Professor Welton acknowledges and unpacks the various equity concerns surrounding the participatory grid, shedding light on the different stakeholders and their perspectives. In one of my favorite sections, she compares and contrasts the “distinct but overlapping equities” of climate law and energy law. Welton hones in on the disproportionately harsh impact of global warming, sea level rise, and other manifestations of our changing climate on lower-income households. Against this background, she makes a persuasive argument that, whatever the inequities of a decarbonized participatory grid, they do not justify a business-as-usual scenario as climate change itself will bring about far more serious inequities if left unmitigated.
Professor Welton’s article places the current equity debate into historic context, tracing energy law’s preoccupation with balancing equity and efficiency from the beginnings of public utility law all the way to present-day restructuring efforts. From this historical analysis, Welton distills “widespread access to affordable power” as energy law’s overarching distributive tenet. Nowhere is this commitment more apparent than in the Tennessee Valley Authority Act, the Rural Electrification Act, and other New Deal efforts to electrify rural America.
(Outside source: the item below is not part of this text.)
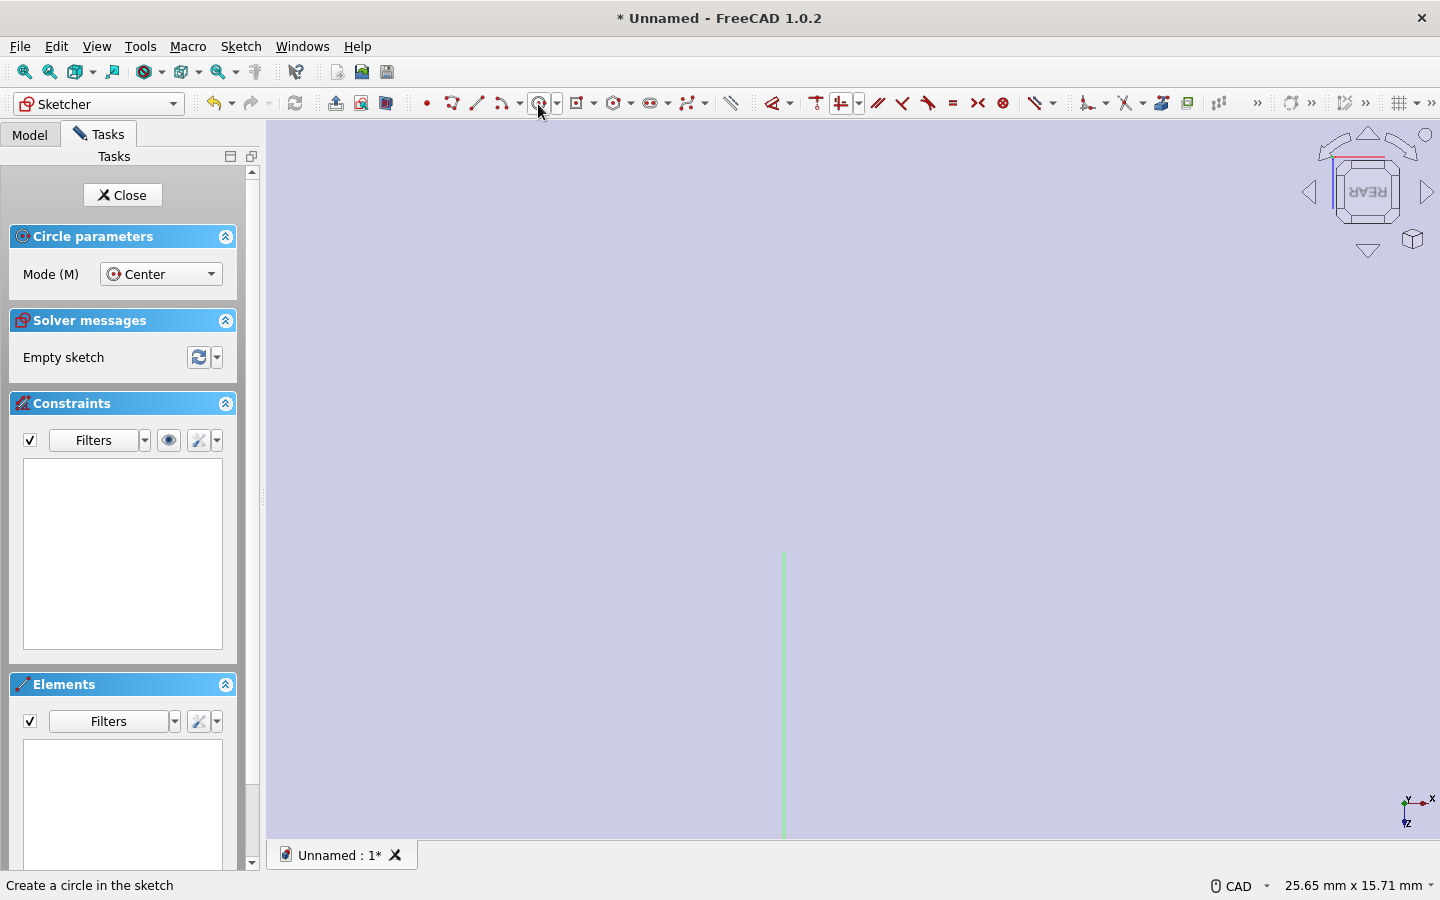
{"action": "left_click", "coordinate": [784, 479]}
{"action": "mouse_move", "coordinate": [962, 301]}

Eighty years ago, the New Deal’s electrification campaign raised the standard of living for rural communities and expanded their access to radios, refrigeration, and other amenities of modern-day technologies. Now, Professor Welton urges her readers, it is time for a successor campaign, clean electrification, to broaden public access not only to the grid itself but, critically, to the emerging suite of participatory technologies required to maintain access to affordable power in a de-carbonizing world. Welton identifies several openings in public utility regulation for a clean electrification campaign, including the long-standing mandate to maintain “just and reasonable” electricity rates and questions over ownership and management of the rich data produced by an ever-smarter grid. In the balanced thinking that distinguishes her article throughout, Welton cautions that widespread grid participation may not be achieved in the near term unless public policy moves beyond its current individualistic notion of participation to embrace more collective forms, such as community solar programs and semi-autonomous micro grids.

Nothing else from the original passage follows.